The agent created a Verification Plan. It refused to close the ticket until the server had survived 7 days without an unplanned reboot.
For the next week, the Monitor agent checked in daily. It reported that the “CPU throttle count” dropped from 7,581 events/day to almost zero. On day 7, I got a notification: “Issue Resolved. System stable. Closing investigation.”
The Future is Weird
This system works shockingly well. It feels like having a junior DevOps engineer who works 24/7, never sleeps, and doesn’t complain when I ask it to read 5,000 lines of logs.
But it’s also a glimpse into a weird future. We are moving from “Infrastructure as Code” to “Infrastructure as Intent.”
I didn’t write the YAML to fix the power limit. I didn’t write the script to monitor the thermals. I just stated my intent: “Stop the random reboots.” The AI figured out the implementation details.
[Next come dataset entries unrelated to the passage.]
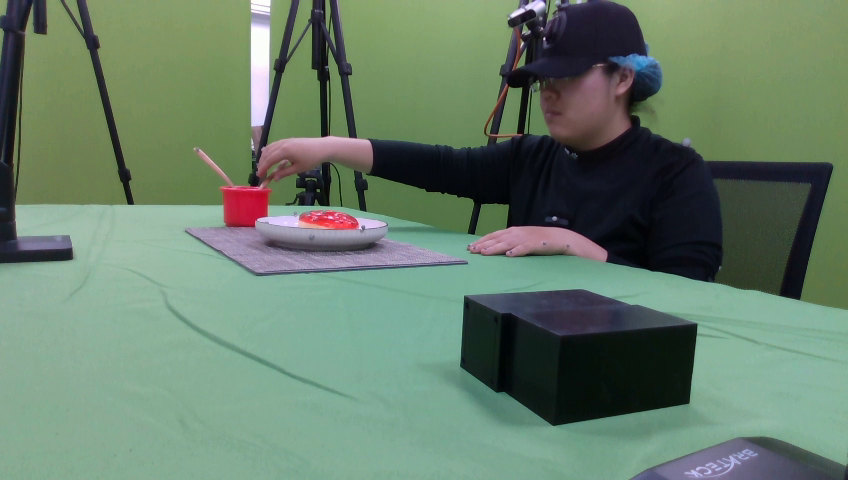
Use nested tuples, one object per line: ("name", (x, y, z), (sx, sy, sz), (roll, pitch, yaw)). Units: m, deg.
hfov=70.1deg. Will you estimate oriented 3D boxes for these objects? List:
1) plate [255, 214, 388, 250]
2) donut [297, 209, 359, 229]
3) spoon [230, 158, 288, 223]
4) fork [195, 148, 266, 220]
("plate", (-0.161, -0.013, 0.961), (0.209, 0.038, 0.209), (2, 7, 0))
("donut", (-0.151, -0.023, 0.955), (0.099, 0.048, 0.099), (5, 7, 0))
("spoon", (-0.322, -0.101, 1.206), (0.041, 0.022, 0.194), (13, 55, 21))
("fork", (-0.386, -0.110, 1.198), (0.028, 0.207, 0.018), (-37, -7, -40))
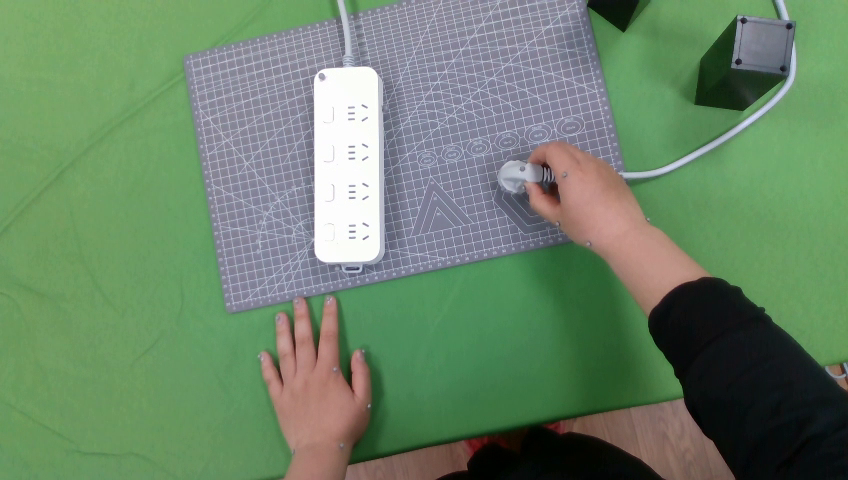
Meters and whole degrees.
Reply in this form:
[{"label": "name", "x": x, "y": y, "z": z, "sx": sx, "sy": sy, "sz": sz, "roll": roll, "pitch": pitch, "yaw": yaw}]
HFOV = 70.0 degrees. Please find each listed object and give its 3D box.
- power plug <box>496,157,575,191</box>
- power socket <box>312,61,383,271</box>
[{"label": "power plug", "x": 0.109, "y": -0.061, "z": 0.621, "sx": 0.073, "sy": 0.052, "sz": 0.035, "roll": 21, "pitch": 81, "yaw": -8}, {"label": "power socket", "x": -0.081, "y": -0.081, "z": 0.646, "sx": 0.072, "sy": 0.032, "sz": 0.226, "roll": -2, "pitch": 85, "yaw": 5}]
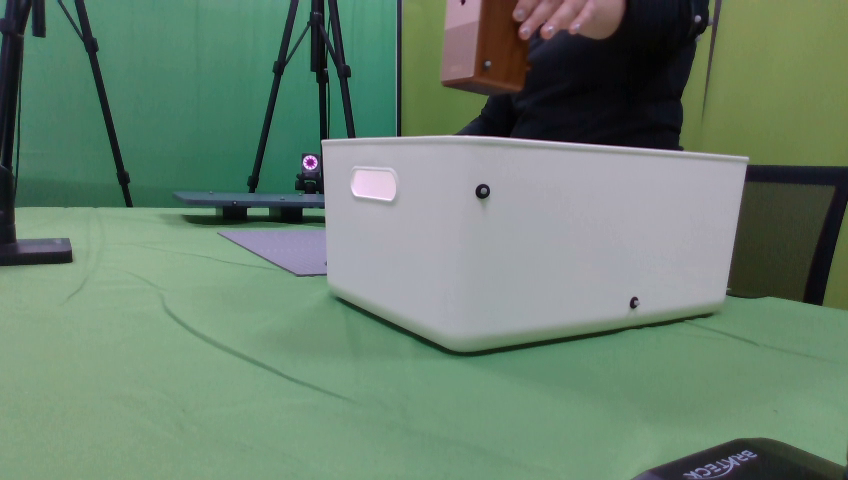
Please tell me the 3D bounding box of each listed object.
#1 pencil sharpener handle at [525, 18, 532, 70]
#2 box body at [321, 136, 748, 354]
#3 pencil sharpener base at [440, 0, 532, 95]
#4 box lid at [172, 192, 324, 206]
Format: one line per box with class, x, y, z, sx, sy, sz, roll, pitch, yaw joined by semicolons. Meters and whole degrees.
pencil sharpener handle;0.108;-0.222;0.664;0.031;0.067;0.036;2;10;-35
box body;0.105;-0.011;0.604;0.366;0.160;0.253;-2;8;-33
pencil sharpener base;0.066;-0.211;0.634;0.077;0.107;0.061;2;6;-35
box lid;-0.355;-0.091;1.350;0.373;0.015;0.262;-1;8;-29
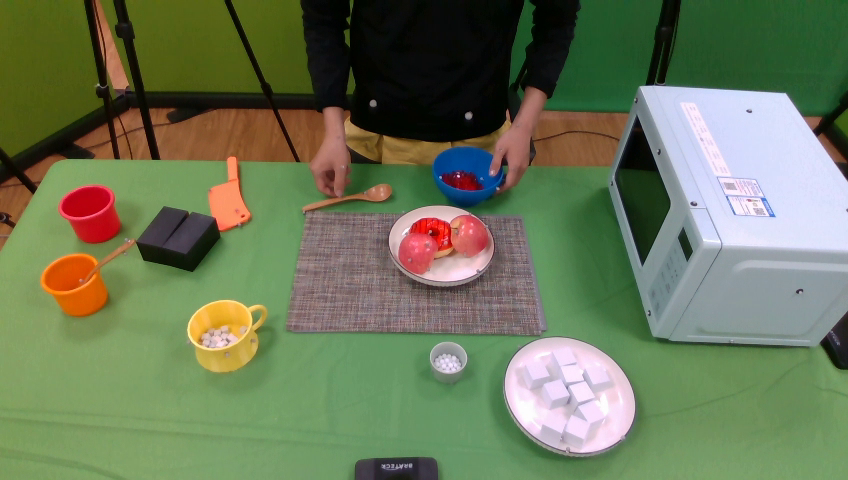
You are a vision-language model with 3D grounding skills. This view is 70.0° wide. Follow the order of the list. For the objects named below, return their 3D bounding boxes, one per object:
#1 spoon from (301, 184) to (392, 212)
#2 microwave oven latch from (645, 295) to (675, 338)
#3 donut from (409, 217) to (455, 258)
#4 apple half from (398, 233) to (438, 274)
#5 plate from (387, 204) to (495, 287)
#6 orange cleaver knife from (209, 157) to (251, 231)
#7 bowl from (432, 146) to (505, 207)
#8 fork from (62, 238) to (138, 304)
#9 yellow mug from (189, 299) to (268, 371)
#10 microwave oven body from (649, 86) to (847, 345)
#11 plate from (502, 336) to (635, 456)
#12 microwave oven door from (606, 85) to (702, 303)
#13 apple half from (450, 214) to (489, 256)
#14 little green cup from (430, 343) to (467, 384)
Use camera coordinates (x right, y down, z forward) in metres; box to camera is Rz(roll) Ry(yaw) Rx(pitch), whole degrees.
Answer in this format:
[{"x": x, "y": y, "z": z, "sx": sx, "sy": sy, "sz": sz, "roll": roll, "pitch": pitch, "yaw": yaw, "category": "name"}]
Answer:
[{"x": -0.162, "y": -0.087, "z": 1.270, "sx": 0.194, "sy": 0.022, "sz": 0.041, "roll": -11, "pitch": 63, "yaw": -15, "category": "spoon"}, {"x": 0.412, "y": 0.134, "z": 1.061, "sx": 0.030, "sy": 0.029, "sz": 0.078, "roll": 3, "pitch": 45, "yaw": 0, "category": "microwave oven latch"}, {"x": 0.019, "y": -0.006, "z": 1.174, "sx": 0.099, "sy": 0.048, "sz": 0.098, "roll": 2, "pitch": 44, "yaw": -2, "category": "donut"}, {"x": -0.016, "y": 0.022, "z": 1.123, "sx": 0.081, "sy": 0.033, "sz": 0.081, "roll": -2, "pitch": 83, "yaw": 14, "category": "apple half"}, {"x": 0.033, "y": 0.014, "z": 1.171, "sx": 0.209, "sy": 0.038, "sz": 0.208, "roll": 2, "pitch": 46, "yaw": -2, "category": "plate"}, {"x": -0.409, "y": -0.099, "z": 1.266, "sx": 0.077, "sy": 0.012, "sz": 0.210, "roll": -14, "pitch": 50, "yaw": -10, "category": "orange cleaver knife"}, {"x": 0.091, "y": -0.124, "z": 1.286, "sx": 0.151, "sy": 0.077, "sz": 0.150, "roll": 2, "pitch": 45, "yaw": -2, "category": "bowl"}, {"x": -0.547, "y": 0.053, "z": 1.018, "sx": 0.207, "sy": 0.019, "sz": 0.028, "roll": -36, "pitch": 41, "yaw": 23, "category": "fork"}, {"x": -0.316, "y": 0.148, "z": 1.002, "sx": 0.131, "sy": 0.064, "sz": 0.099, "roll": -33, "pitch": 56, "yaw": -31, "category": "yellow mug"}, {"x": 0.568, "y": -0.053, "z": 1.118, "sx": 0.326, "sy": 0.261, "sz": 0.439, "roll": 2, "pitch": 45, "yaw": -1, "category": "microwave oven body"}, {"x": 0.225, "y": 0.248, "z": 0.963, "sx": 0.208, "sy": 0.039, "sz": 0.206, "roll": 2, "pitch": 46, "yaw": -2, "category": "plate"}, {"x": 0.423, "y": -0.094, "z": 1.140, "sx": 0.039, "sy": 0.245, "sz": 0.353, "roll": 2, "pitch": 46, "yaw": -1, "category": "microwave oven door"}, {"x": 0.092, "y": -0.013, "z": 1.158, "sx": 0.075, "sy": 0.053, "sz": 0.080, "roll": 35, "pitch": 39, "yaw": -28, "category": "apple half"}, {"x": 0.039, "y": 0.203, "z": 0.994, "sx": 0.061, "sy": 0.039, "sz": 0.061, "roll": 2, "pitch": 46, "yaw": -2, "category": "little green cup"}]
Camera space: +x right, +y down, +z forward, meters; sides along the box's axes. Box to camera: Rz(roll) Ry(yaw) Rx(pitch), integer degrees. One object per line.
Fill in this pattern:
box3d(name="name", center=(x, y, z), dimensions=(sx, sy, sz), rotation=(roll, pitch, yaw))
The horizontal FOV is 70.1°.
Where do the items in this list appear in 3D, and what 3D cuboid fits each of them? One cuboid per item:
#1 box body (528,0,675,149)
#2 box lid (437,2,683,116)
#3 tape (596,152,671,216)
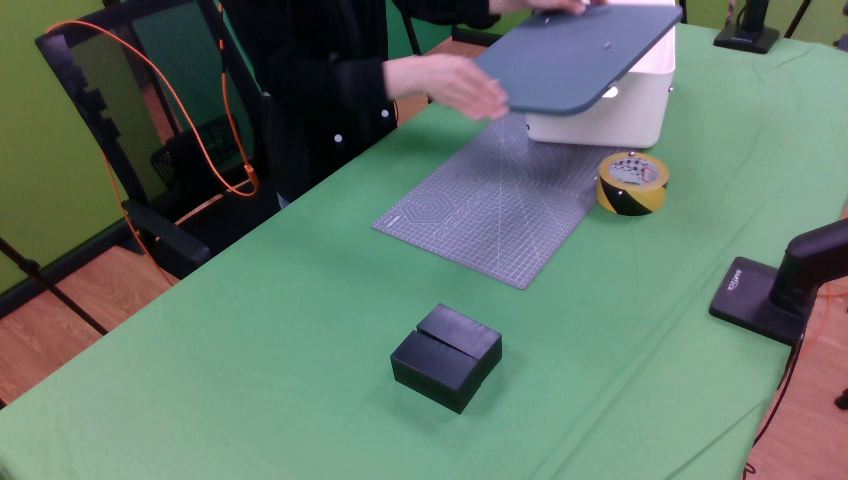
box3d(name="box body", center=(0.356, -0.342, 1.212), dimensions=(0.253, 0.161, 0.363), rotation=(7, 42, 17))
box3d(name="box lid", center=(0.215, -0.295, 0.949), dimensions=(0.261, 0.015, 0.372), rotation=(16, 47, 38))
box3d(name="tape", center=(0.349, -0.095, 1.009), dimensions=(0.117, 0.053, 0.116), rotation=(-3, 43, 3))
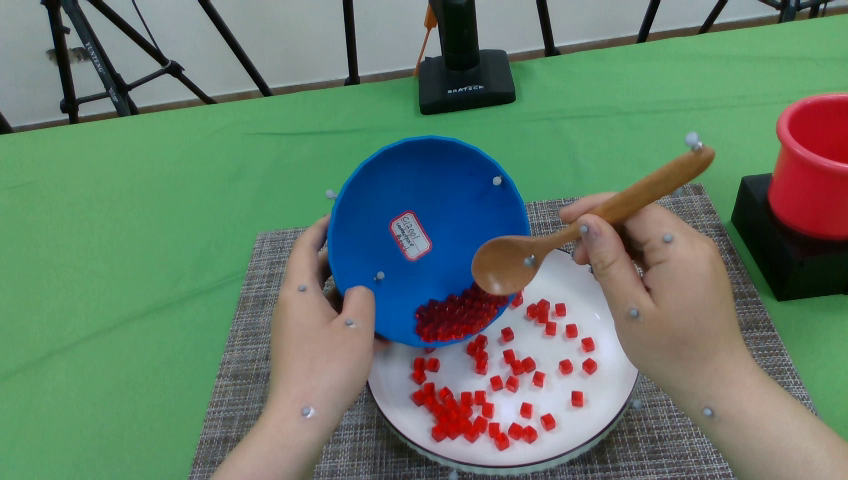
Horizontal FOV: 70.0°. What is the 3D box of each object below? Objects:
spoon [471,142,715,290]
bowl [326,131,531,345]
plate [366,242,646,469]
[{"bbox_3d":[0.085,-0.007,0.350,0.021,0.193,0.041,-36,91,-31],"label":"spoon"},{"bbox_3d":[-0.004,-0.002,0.459,0.151,0.152,0.076,-25,10,-14],"label":"bowl"},{"bbox_3d":[0.060,0.081,0.468,0.207,0.039,0.205,-6,45,6],"label":"plate"}]
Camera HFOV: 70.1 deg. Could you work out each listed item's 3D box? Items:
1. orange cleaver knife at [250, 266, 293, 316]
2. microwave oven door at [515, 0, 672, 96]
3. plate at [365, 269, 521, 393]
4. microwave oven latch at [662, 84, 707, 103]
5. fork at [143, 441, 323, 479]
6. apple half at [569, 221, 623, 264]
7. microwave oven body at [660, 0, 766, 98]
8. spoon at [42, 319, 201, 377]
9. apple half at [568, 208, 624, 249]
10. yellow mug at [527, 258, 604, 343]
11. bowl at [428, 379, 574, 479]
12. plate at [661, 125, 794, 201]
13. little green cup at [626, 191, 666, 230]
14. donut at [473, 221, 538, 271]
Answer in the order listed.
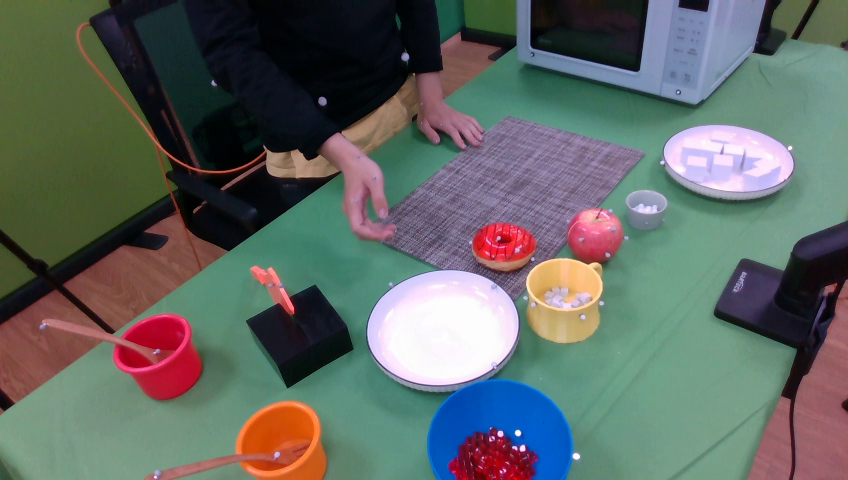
[{"bbox_3d":[-0.221,0.071,0.873,0.012,0.077,0.210,-25,11,-21],"label":"orange cleaver knife"},{"bbox_3d":[0.343,-0.454,1.259,0.353,0.245,0.039,26,51,33],"label":"microwave oven door"},{"bbox_3d":[0.027,0.123,0.813,0.209,0.038,0.208,-4,40,4],"label":"plate"},{"bbox_3d":[0.517,-0.296,1.204,0.078,0.029,0.030,27,52,35],"label":"microwave oven latch"},{"bbox_3d":[-0.189,0.231,0.631,0.028,0.018,0.209,36,13,37],"label":"fork"},{"bbox_3d":[0.251,0.010,0.884,0.081,0.081,0.032,3,37,12],"label":"apple half"},{"bbox_3d":[0.472,-0.513,1.317,0.438,0.261,0.327,26,51,34],"label":"microwave oven body"},{"bbox_3d":[-0.385,0.135,0.779,0.195,0.021,0.041,29,37,-26],"label":"spoon"},{"bbox_3d":[0.259,-0.014,0.914,0.080,0.075,0.053,0,36,15],"label":"apple half"},{"bbox_3d":[0.201,0.073,0.825,0.131,0.064,0.099,-32,46,-27],"label":"yellow mug"},{"bbox_3d":[0.082,0.233,0.644,0.151,0.077,0.150,-4,40,4],"label":"bowl"},{"bbox_3d":[0.513,-0.128,1.035,0.207,0.039,0.206,-4,40,4],"label":"plate"},{"bbox_3d":[0.352,-0.046,0.963,0.061,0.039,0.061,-4,40,4],"label":"little green cup"},{"bbox_3d":[0.124,0.008,0.923,0.099,0.048,0.098,-4,38,3],"label":"donut"}]
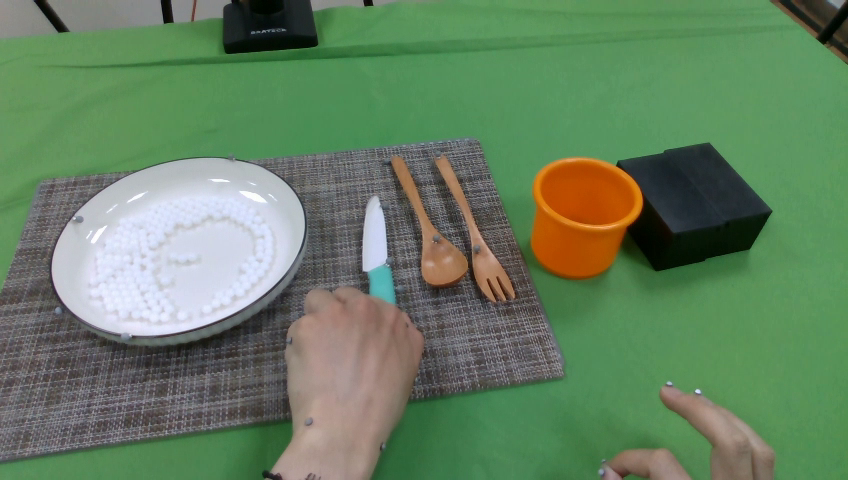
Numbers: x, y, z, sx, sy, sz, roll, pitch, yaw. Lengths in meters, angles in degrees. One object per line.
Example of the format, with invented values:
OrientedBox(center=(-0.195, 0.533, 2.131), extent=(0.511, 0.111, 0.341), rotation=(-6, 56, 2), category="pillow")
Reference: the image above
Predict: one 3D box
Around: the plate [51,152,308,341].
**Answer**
OrientedBox(center=(-0.204, 0.003, 0.527), extent=(0.209, 0.038, 0.207), rotation=(1, 47, -1), category="plate")

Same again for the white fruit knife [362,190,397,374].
OrientedBox(center=(-0.039, 0.023, 0.517), extent=(0.027, 0.016, 0.205), rotation=(-3, 46, -4), category="white fruit knife")

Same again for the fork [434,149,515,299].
OrientedBox(center=(0.040, -0.023, 0.570), extent=(0.028, 0.019, 0.205), rotation=(-14, 51, -6), category="fork")

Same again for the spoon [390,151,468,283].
OrientedBox(center=(-0.003, -0.029, 0.572), extent=(0.041, 0.022, 0.191), rotation=(-24, 50, 2), category="spoon")
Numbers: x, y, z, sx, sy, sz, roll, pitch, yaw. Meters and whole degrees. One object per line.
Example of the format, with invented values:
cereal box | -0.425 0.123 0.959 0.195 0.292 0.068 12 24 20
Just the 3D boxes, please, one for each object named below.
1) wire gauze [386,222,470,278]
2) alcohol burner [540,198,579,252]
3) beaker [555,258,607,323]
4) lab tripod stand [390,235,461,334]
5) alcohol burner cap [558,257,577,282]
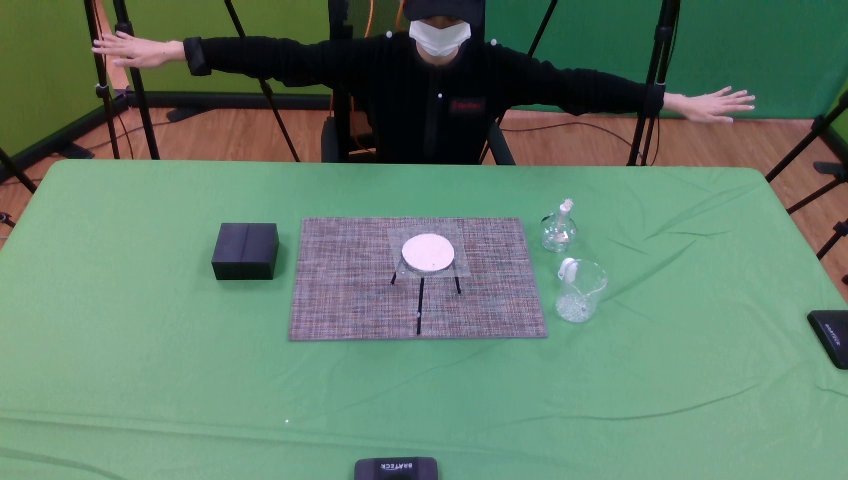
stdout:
wire gauze | 0.004 0.016 1.005 0.125 0.011 0.120 -5 46 -8
alcohol burner | 0.267 -0.035 1.187 0.078 0.120 0.077 1 45 -1
beaker | 0.275 0.094 1.073 0.074 0.101 0.083 10 47 6
lab tripod stand | -0.001 0.067 1.050 0.148 0.132 0.147 1 47 -1
alcohol burner cap | 0.276 0.053 1.154 0.034 0.048 0.033 2 46 -2
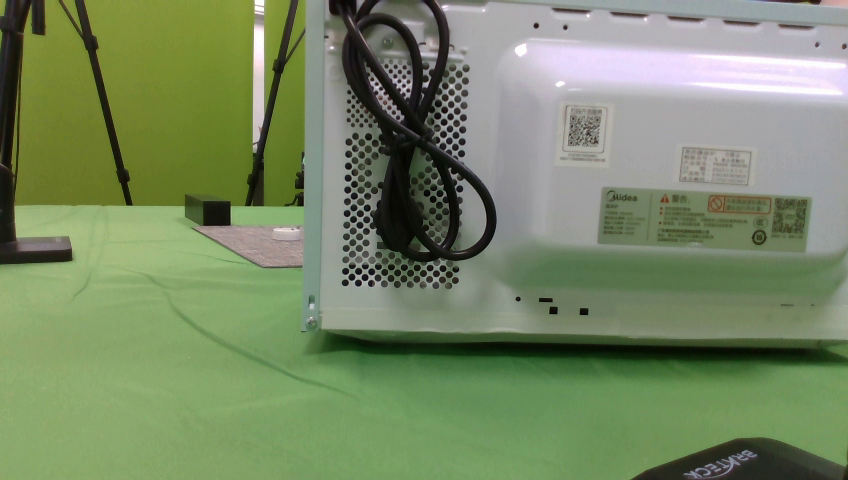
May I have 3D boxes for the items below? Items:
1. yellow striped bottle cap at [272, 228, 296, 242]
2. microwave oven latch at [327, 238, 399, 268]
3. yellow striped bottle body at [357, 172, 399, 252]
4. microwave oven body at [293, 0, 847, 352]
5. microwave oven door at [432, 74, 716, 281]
[{"bbox_3d":[-0.232,-0.008,1.012,0.044,0.018,0.044,3,9,0],"label":"yellow striped bottle cap"},{"bbox_3d":[-0.069,0.015,0.694,0.079,0.029,0.030,3,7,-3],"label":"microwave oven latch"},{"bbox_3d":[-0.070,-0.044,0.933,0.063,0.120,0.063,2,8,0],"label":"yellow striped bottle body"},{"bbox_3d":[0.122,-0.055,0.550,0.442,0.260,0.325,3,7,-5],"label":"microwave oven body"},{"bbox_3d":[0.178,-0.089,0.793,0.354,0.243,0.039,6,9,28],"label":"microwave oven door"}]
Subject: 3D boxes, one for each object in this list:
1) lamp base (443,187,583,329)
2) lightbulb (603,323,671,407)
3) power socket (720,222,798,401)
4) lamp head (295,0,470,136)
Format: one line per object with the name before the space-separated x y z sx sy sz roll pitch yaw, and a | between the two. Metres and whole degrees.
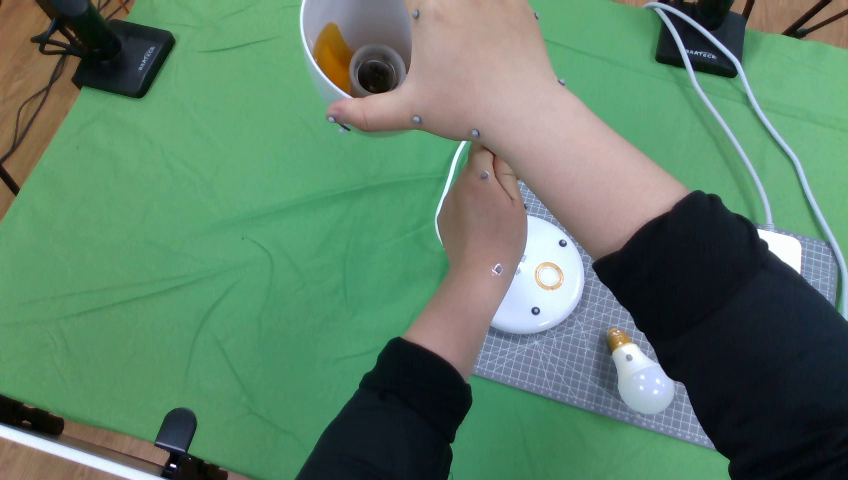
lamp base | 0.103 0.002 0.693 0.179 0.181 0.159 9 68 9
lightbulb | 0.241 0.142 0.702 0.059 0.060 0.106 -20 53 -6
power socket | 0.406 0.079 0.732 0.072 0.033 0.225 14 68 6
lamp head | -0.030 -0.122 0.434 0.112 0.123 0.112 1 79 -5

Right now, the system is reactive. I have to tell it something is wrong. The next step? Active Monitoring. I want the agent to wake up, “feel” the server is running a bit sluggish, and start an investigation before I even wake up.
I might eventually automate myself out of a hobby. But until then, I’m enjoying the extra sleep.
(Just maybe don’t give it root access to your production database. Seriously.)